Collection entries -
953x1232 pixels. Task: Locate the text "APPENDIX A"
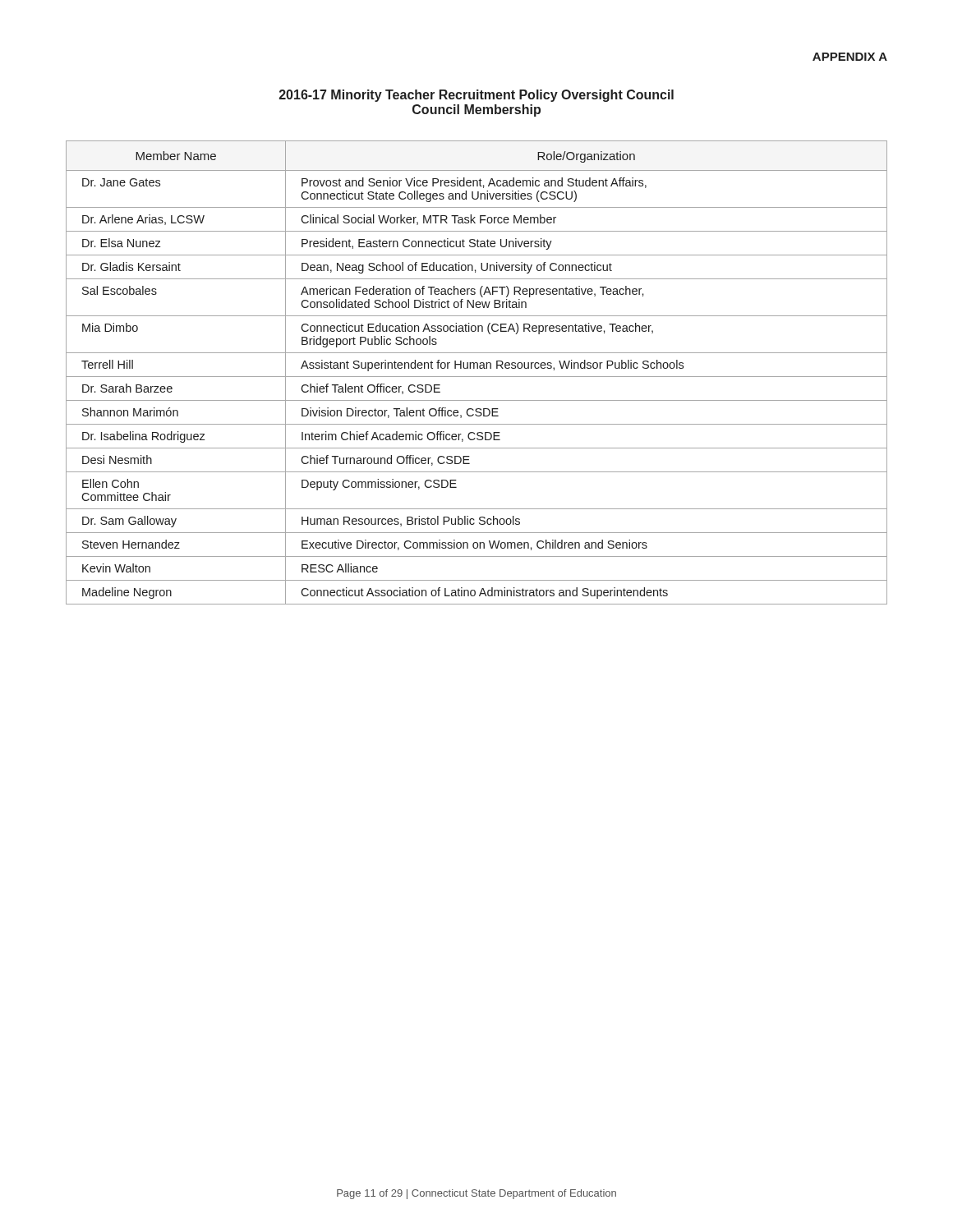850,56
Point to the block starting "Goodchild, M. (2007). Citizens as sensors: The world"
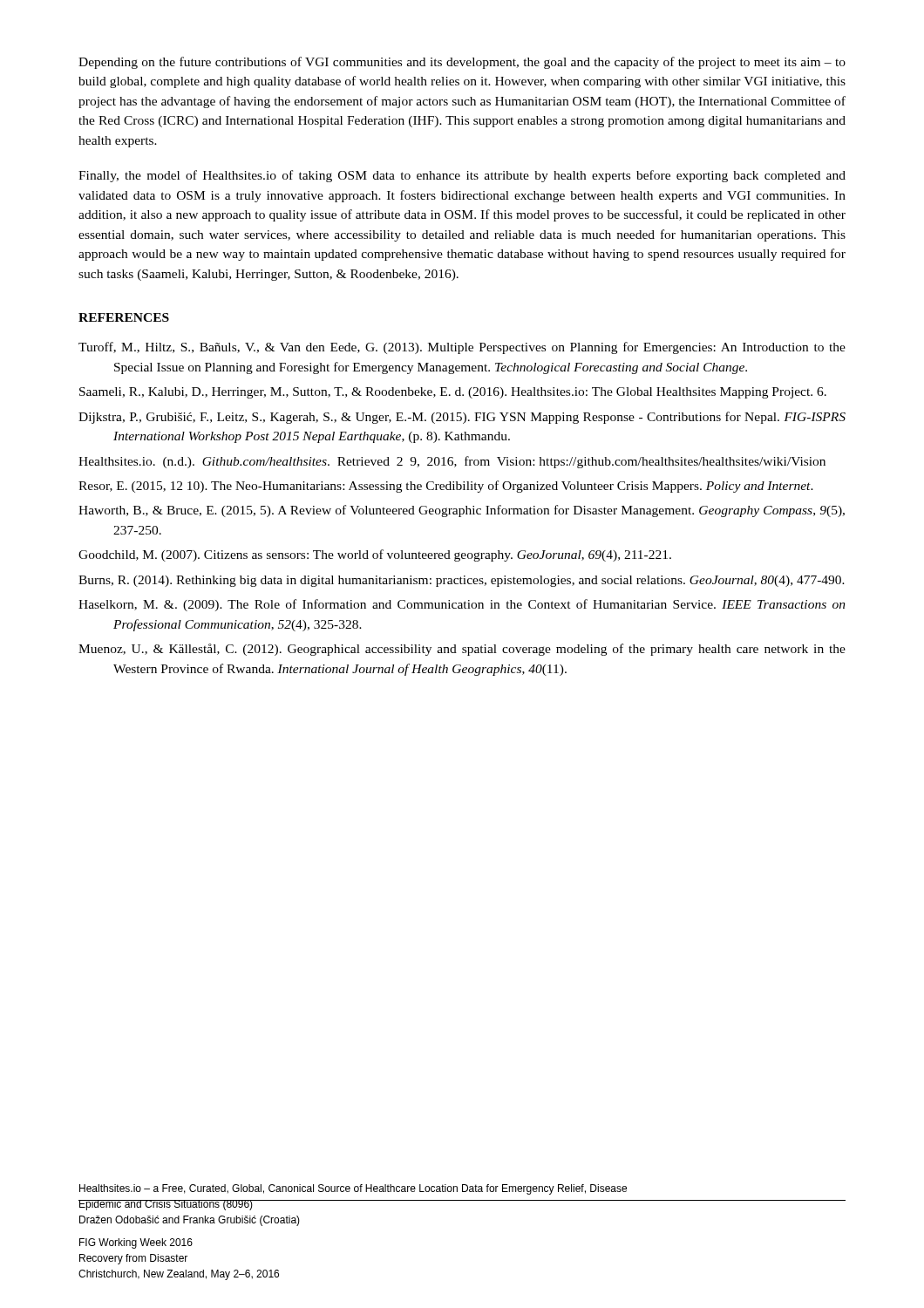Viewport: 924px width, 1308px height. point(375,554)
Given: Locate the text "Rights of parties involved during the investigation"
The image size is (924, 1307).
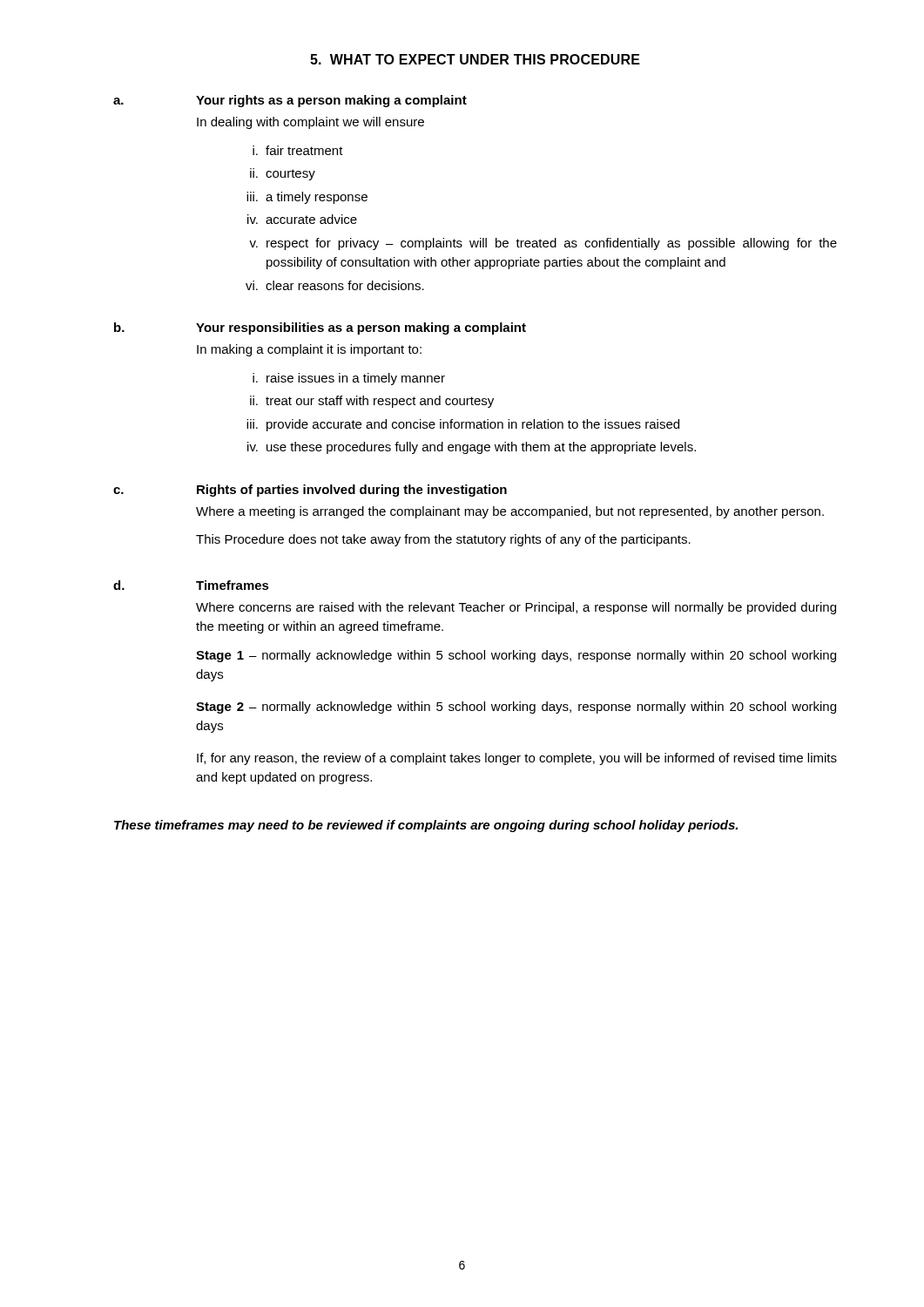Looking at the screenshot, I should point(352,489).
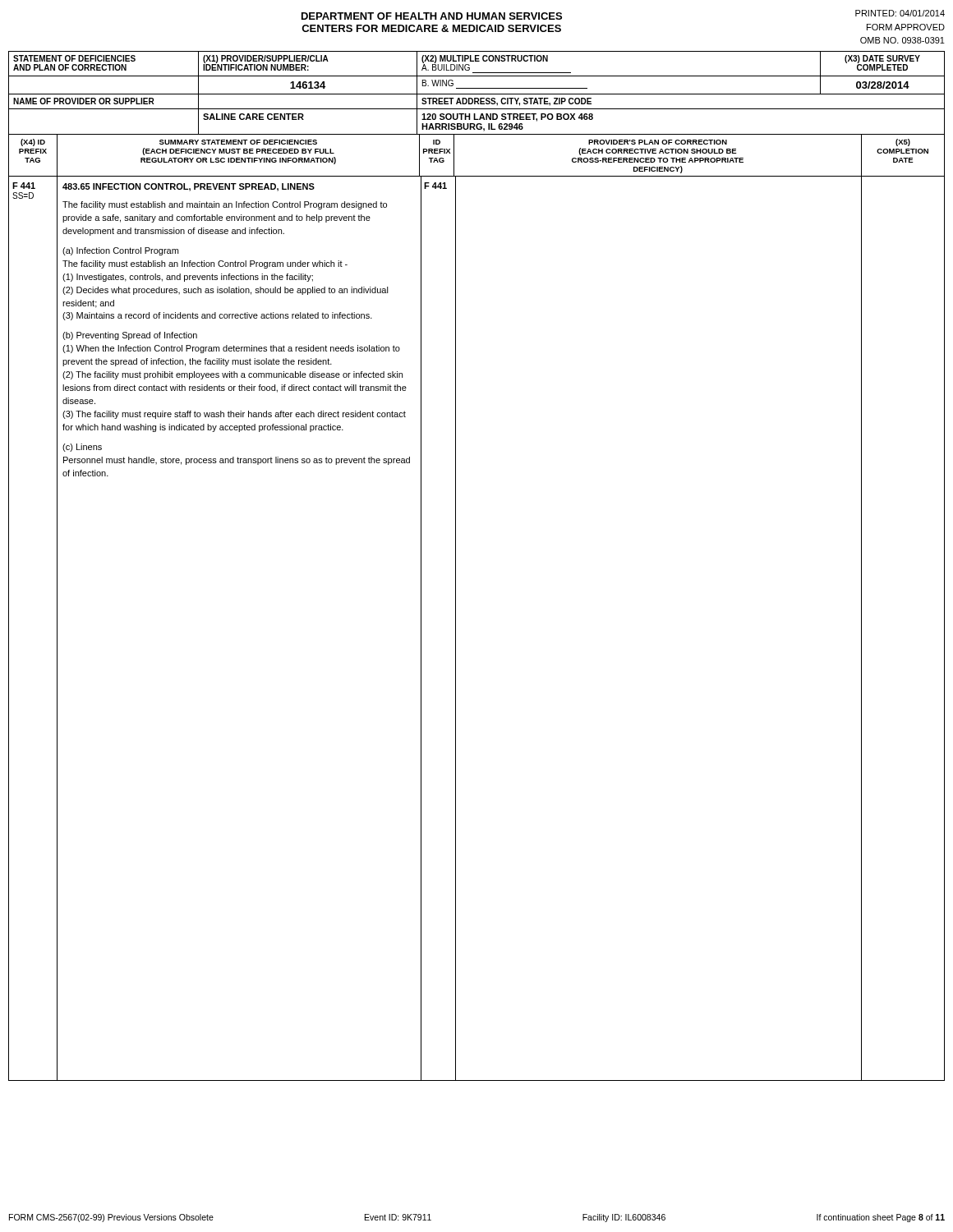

PROBLEM DETAILS -
Leave out the pictures and output every record above precisely as given.

SOLUTION FOR THIS EXERCISE -
953x1232 pixels. Task: Locate the text "APPENDIX A"
850,56
Point to the block starting "Goodchild, M. (2007). Citizens as sensors: The world"
Viewport: 924px width, 1308px height. point(375,554)
Given: Locate the text "Rights of parties involved during the investigation"
The image size is (924, 1307).
Looking at the screenshot, I should point(352,489).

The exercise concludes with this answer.